Look it up, though. Maybe I should send an email if I get a shy grade for it.

My brother ended up picking me up after work to catch the opening show of I Am Legend.

Sidenotes. The Dark Knight trailer: Heath, you look good in purple. Do us proud. Also, Jumper trailer: I think I like you. You look like Unbreakable with a touch of realistic smartass. Gimme.

10 000 BC, though… wtf, guys? Did someone do a line of Scorpion King while watching Apocalypto? Mammoth-hunters I can see, but a trans-Bering slave trade and woolly mammoths charging Mesopotamian-looking ziggurats? Um, what? And wtf’s up with the catchphrase, “A story never before told”? Are you even trying to avoid sounding like you’re pulling this out of your ass because no one was alive at the time so they can’t contradict you?

Okay, I Am Legend. Good movie. Better Will Smith. Damn, but I could watch that guy play bloody John Constantine and would not cease to be impressed with what kind of meat he can take onto his plate and chew. I’m suspending more detailed judgment on it until I can get my hands on the original story to read. I remember flipping through the first bit in Chapters once, and remembering a rather different take, so I wanna compare that first.

I will say a few things, though. A few… moments that struck such a chord in me I don’t think I could sleep without getting them down. I don’t know if anyone save one or two readers will know what the hell I’m referring to on my half, but here goes.

“Please say hello to me…”

Oh, I thought to myself, chewing my fingernails down with all these sudden rushes of sad anxiety. Oh god… this is Garrett’s worst nightmare.

“Please say hello to me…”

And my fingernails are still sore, and short. Oh god… this is what I did to him. This is how his story will end, and he knows it.

Garrett, barring nuclear exposure, or being entombed in cement, or getting whack-a-moled with a small continent… Garrett won’t die. He and Eyovar will muddle along, slowly getting old, and then older, but Garrett won’t die. He’ll age, and he’ll weary, and he’ll bear the scars of living, but there is no sickness that will make him weak, no cancer that will eat at him, no infection that he won’t live through. He will heal. He will go on.

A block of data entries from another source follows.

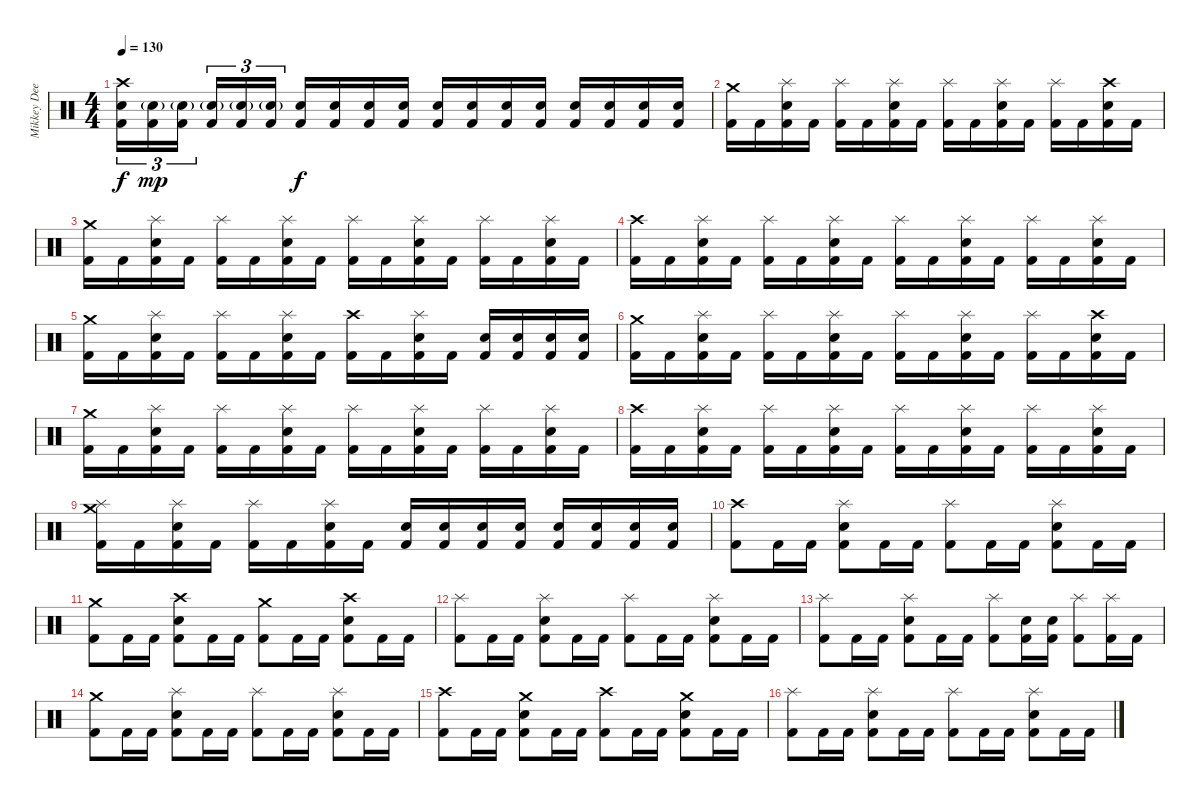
\track ("Mikkey Dee" "Mikkey Dee") {instrument percussion}
\staff {score}
\articulation defaults
\ts (4 4)
\tempo 130
\clef neutral
\ks c
("Crash high (hit)" "Snare (hit) 2" "Kick (hit) 2").16{tu (3 2) dy f} ("Snare (hit) 2"{g} "Kick (hit) 2").16{tu (3 2) dy mp} ("Snare (hit) 2"{g} "Kick (hit) 2").16{tu (3 2)} ("Snare (hit) 2"{g} "Kick (hit) 2").16{tu (3 2)} ("Snare (hit) 2"{g} "Kick (hit) 2").16{tu (3 2)} ("Snare (hit) 2"{g} "Kick (hit) 2").16{tu (3 2)} ("Snare (hit) 2" "Kick (hit) 2").16{dy f} ("Snare (hit) 2" "Kick (hit) 2").16 ("Snare (hit) 2" "Kick (hit) 2").16 ("Snare (hit) 2" "Kick (hit) 2").16 ("Snare (hit) 2" "Kick (hit) 2").16 ("Snare (hit) 2" "Kick (hit) 2").16 ("Snare (hit) 2" "Kick (hit) 2").16 ("Snare (hit) 2" "Kick (hit) 2").16 ("Snare (hit) 2" "Kick (hit) 2").16 ("Snare (hit) 2" "Kick (hit) 2").16 ("Snare (hit) 2" "Kick (hit) 2").16 ("Snare (hit) 2" "Kick (hit) 2").16 |
("Crash medium (hit)" "Kick (hit) 2").16 "Kick (hit) 2".16 ("Splash (hit)" "Snare (hit) 2" "Kick (hit) 2").16 "Kick (hit) 2".16 ("Splash (hit)" "Kick (hit) 2").16 "Kick (hit) 2".16 ("Splash (hit)" "Snare (hit) 2" "Kick (hit) 2").16 "Kick (hit) 2".16 ("Splash (hit)" "Kick (hit) 2").16 "Kick (hit) 2".16 ("Splash (hit)" "Snare (hit) 2" "Kick (hit) 2").16 "Kick (hit) 2".16 ("Splash (hit)" "Kick (hit) 2").16 "Kick (hit) 2".16 ("Crash high (hit)" "Snare (hit) 2" "Kick (hit) 2").16 "Kick (hit) 2".16 |
("Crash medium (hit)" "Kick (hit) 2").16 "Kick (hit) 2".16 ("Splash (hit)" "Snare (hit) 2" "Kick (hit) 2").16 "Kick (hit) 2".16 ("Splash (hit)" "Kick (hit) 2").16 "Kick (hit) 2".16 ("Splash (hit)" "Snare (hit) 2" "Kick (hit) 2").16 "Kick (hit) 2".16 ("Splash (hit)" "Kick (hit) 2").16 "Kick (hit) 2".16 ("Splash (hit)" "Snare (hit) 2" "Kick (hit) 2").16 "Kick (hit) 2".16 ("Splash (hit)" "Kick (hit) 2").16 "Kick (hit) 2".16 ("Splash (hit)" "Snare (hit) 2" "Kick (hit) 2").16 "Kick (hit) 2".16 |
("Crash high (hit)" "Kick (hit) 2").16 "Kick (hit) 2".16 ("Splash (hit)" "Snare (hit) 2" "Kick (hit) 2").16 "Kick (hit) 2".16 ("Splash (hit)" "Kick (hit) 2").16 "Kick (hit) 2".16 ("Splash (hit)" "Snare (hit) 2" "Kick (hit) 2").16 "Kick (hit) 2".16 ("Splash (hit)" "Kick (hit) 2").16 "Kick (hit) 2".16 ("Splash (hit)" "Snare (hit) 2" "Kick (hit) 2").16 "Kick (hit) 2".16 ("Splash (hit)" "Kick (hit) 2").16 "Kick (hit) 2".16 ("Splash (hit)" "Snare (hit) 2" "Kick (hit) 2").16 "Kick (hit) 2".16 |
("Crash medium (hit)" "Kick (hit) 2").16 "Kick (hit) 2".16 ("Splash (hit)" "Snare (hit) 2" "Kick (hit) 2").16 "Kick (hit) 2".16 ("Splash (hit)" "Kick (hit) 2").16 "Kick (hit) 2".16 ("Splash (hit)" "Snare (hit) 2" "Kick (hit) 2").16 "Kick (hit) 2".16 ("Crash high (hit)" "Kick (hit) 2").16 "Kick (hit) 2".16 ("Splash (hit)" "Snare (hit) 2" "Kick (hit) 2").16 "Kick (hit) 2".16 ("Snare (hit) 2" "Kick (hit) 2").16 ("Snare (hit) 2" "Kick (hit) 2").16 ("Snare (hit) 2" "Kick (hit) 2").16 ("Snare (hit) 2" "Kick (hit) 2").16 |
("Crash medium (hit)" "Kick (hit) 2").16 "Kick (hit) 2".16 ("Splash (hit)" "Snare (hit) 2" "Kick (hit) 2").16 "Kick (hit) 2".16 ("Splash (hit)" "Kick (hit) 2").16 "Kick (hit) 2".16 ("Splash (hit)" "Snare (hit) 2" "Kick (hit) 2").16 "Kick (hit) 2".16 ("Splash (hit)" "Kick (hit) 2").16 "Kick (hit) 2".16 ("Splash (hit)" "Snare (hit) 2" "Kick (hit) 2").16 "Kick (hit) 2".16 ("Splash (hit)" "Kick (hit) 2").16 "Kick (hit) 2".16 ("Crash high (hit)" "Snare (hit) 2" "Kick (hit) 2").16 "Kick (hit) 2".16 |
("Crash medium (hit)" "Kick (hit) 2").16 "Kick (hit) 2".16 ("Splash (hit)" "Snare (hit) 2" "Kick (hit) 2").16 "Kick (hit) 2".16 ("Splash (hit)" "Kick (hit) 2").16 "Kick (hit) 2".16 ("Splash (hit)" "Snare (hit) 2" "Kick (hit) 2").16 "Kick (hit) 2".16 ("Splash (hit)" "Kick (hit) 2").16 "Kick (hit) 2".16 ("Splash (hit)" "Snare (hit) 2" "Kick (hit) 2").16 "Kick (hit) 2".16 ("Splash (hit)" "Kick (hit) 2").16 "Kick (hit) 2".16 ("Splash (hit)" "Snare (hit) 2" "Kick (hit) 2").16 "Kick (hit) 2".16 |
("Crash high (hit)" "Kick (hit) 2").16 "Kick (hit) 2".16 ("Splash (hit)" "Snare (hit) 2" "Kick (hit) 2").16 "Kick (hit) 2".16 ("Splash (hit)" "Kick (hit) 2").16 "Kick (hit) 2".16 ("Splash (hit)" "Snare (hit) 2" "Kick (hit) 2").16 "Kick (hit) 2".16 ("Splash (hit)" "Kick (hit) 2").16 "Kick (hit) 2".16 ("Splash (hit)" "Snare (hit) 2" "Kick (hit) 2").16 "Kick (hit) 2".16 ("Splash (hit)" "Kick (hit) 2").16 "Kick (hit) 2".16 ("Splash (hit)" "Snare (hit) 2" "Kick (hit) 2").16 "Kick (hit) 2".16 |
("Crash medium (hit)" "Splash (hit)" "Kick (hit) 2").16 "Kick (hit) 2".16 ("Splash (hit)" "Snare (hit) 2" "Kick (hit) 2").16 "Kick (hit) 2".16 ("Splash (hit)" "Kick (hit) 2").16 "Kick (hit) 2".16 ("Splash (hit)" "Snare (hit) 2" "Kick (hit) 2").16 "Kick (hit) 2".16 ("Snare (hit) 2" "Kick (hit) 2").16 ("Snare (hit) 2" "Kick (hit) 2").16 ("Snare (hit) 2" "Kick (hit) 2").16 ("Snare (hit) 2" "Kick (hit) 2").16 ("Snare (hit) 2" "Kick (hit) 2").16 ("Snare (hit) 2" "Kick (hit) 2").16 ("Snare (hit) 2" "Kick (hit) 2").16 ("Snare (hit) 2" "Kick (hit) 2").16 |
("Crash high (hit)" "Kick (hit) 2").8 "Kick (hit) 2".16 "Kick (hit) 2".16 ("Splash (hit)" "Snare (hit) 2" "Kick (hit) 2").8 "Kick (hit) 2".16 "Kick (hit) 2".16 ("Splash (hit)" "Kick (hit) 2").8 "Kick (hit) 2".16 "Kick (hit) 2".16 ("Splash (hit)" "Snare (hit) 2" "Kick (hit) 2").8 "Kick (hit) 2".16 "Kick (hit) 2".16 |
("Crash medium (hit)" "Kick (hit) 2").8 "Kick (hit) 2".16 "Kick (hit) 2".16 ("Crash high (hit)" "Snare (hit) 2" "Kick (hit) 2").8 "Kick (hit) 2".16 "Kick (hit) 2".16 ("Crash medium (hit)" "Kick (hit) 2").8 "Kick (hit) 2".16 "Kick (hit) 2".16 ("Crash high (hit)" "Snare (hit) 2" "Kick (hit) 2").8 "Kick (hit) 2".16 "Kick (hit) 2".16 |
("Splash (hit)" "Kick (hit) 2").8 "Kick (hit) 2".16 "Kick (hit) 2".16 ("Splash (hit)" "Snare (hit) 2" "Kick (hit) 2").8 "Kick (hit) 2".16 "Kick (hit) 2".16 ("Splash (hit)" "Kick (hit) 2").8 "Kick (hit) 2".16 "Kick (hit) 2".16 ("Splash (hit)" "Snare (hit) 2" "Kick (hit) 2").8 "Kick (hit) 2".16 "Kick (hit) 2".16 |
("Splash (hit)" "Kick (hit) 2").8 "Kick (hit) 2".16 "Kick (hit) 2".16 ("Splash (hit)" "Snare (hit) 2" "Kick (hit) 2").8 "Kick (hit) 2".16 "Kick (hit) 2".16 ("Splash (hit)" "Kick (hit) 2").8 ("Snare (hit) 2" "Kick (hit) 2").16 ("Snare (hit) 2" "Kick (hit) 2").16 ("Splash (hit)" "Kick (hit) 2").8 ("Splash (hit)" "Kick (hit) 2").16 "Kick (hit) 2".16 |
("Crash medium (hit)" "Kick (hit) 2").8 "Kick (hit) 2".16 "Kick (hit) 2".16 ("Splash (hit)" "Snare (hit) 2" "Kick (hit) 2").8 "Kick (hit) 2".16 "Kick (hit) 2".16 ("Splash (hit)" "Kick (hit) 2").8 "Kick (hit) 2".16 "Kick (hit) 2".16 ("Splash (hit)" "Snare (hit) 2" "Kick (hit) 2").8 "Kick (hit) 2".16 "Kick (hit) 2".16 |
("Crash high (hit)" "Kick (hit) 2").8 "Kick (hit) 2".16 "Kick (hit) 2".16 ("Crash medium (hit)" "Snare (hit) 2" "Kick (hit) 2").8 "Kick (hit) 2".16 "Kick (hit) 2".16 ("Crash high (hit)" "Kick (hit) 2").8 "Kick (hit) 2".16 "Kick (hit) 2".16 ("Crash medium (hit)" "Snare (hit) 2" "Kick (hit) 2").8 "Kick (hit) 2".16 "Kick (hit) 2".16 |
("Splash (hit)" "Kick (hit) 2").8 "Kick (hit) 2".16 "Kick (hit) 2".16 ("Splash (hit)" "Snare (hit) 2" "Kick (hit) 2").8 "Kick (hit) 2".16 "Kick (hit) 2".16 ("Splash (hit)" "Kick (hit) 2").8 "Kick (hit) 2".16 "Kick (hit) 2".16 ("Splash (hit)" "Snare (hit) 2" "Kick (hit) 2").8 "Kick (hit) 2".16 "Kick (hit) 2".16

And eventually, Garrett will have to go on alone. Everyone else… everyone else dies. Eventually. Garrett will be left alone with no company but the dead.

He sees that empty, decaying city, with no one on the streets or looking from the windows… and he sees a world of the dead. He sees all of them waiting to be, and he knows the math. When Garrett is the last man on earth, he will have ghosts… he will have only ghosts to keep him company or drive him insane. Garrett… shy, breakable Garrett, will have no warmth… no friends… no enemies. He will be completely alone but for the voices in his head and the visions that he can see.

He will be completely alone.

He will have no one but the ghosts who tug on his sleeve and his sleep until Eyovar sends them away.

And then, he’ll still know they’re there.

God, but he hates me.

I made me wonder through the film and what I might remember from skimming the first bit of the book; what would be worse? Alone, terrified, and then taunted by intelligent, mocking vampires until you might, maybe get to sleep? Or in a world where you are the only sign of living humanity left at all? Morally alone? Or psychologically alone?

Garrett would choose morally alone. He… needs someone more than himself, outside himself, so very, very badly. It doesn’t matter who they are, or how good or how evil, just someone out there besides himself that can remind him that his is human…or was human, once. That longing just might drive him insane with no one else to alleviate the itch that Eyovar has no idea how to care for.

Okay, eyes shutting. I’m going to enjoy this. Night all.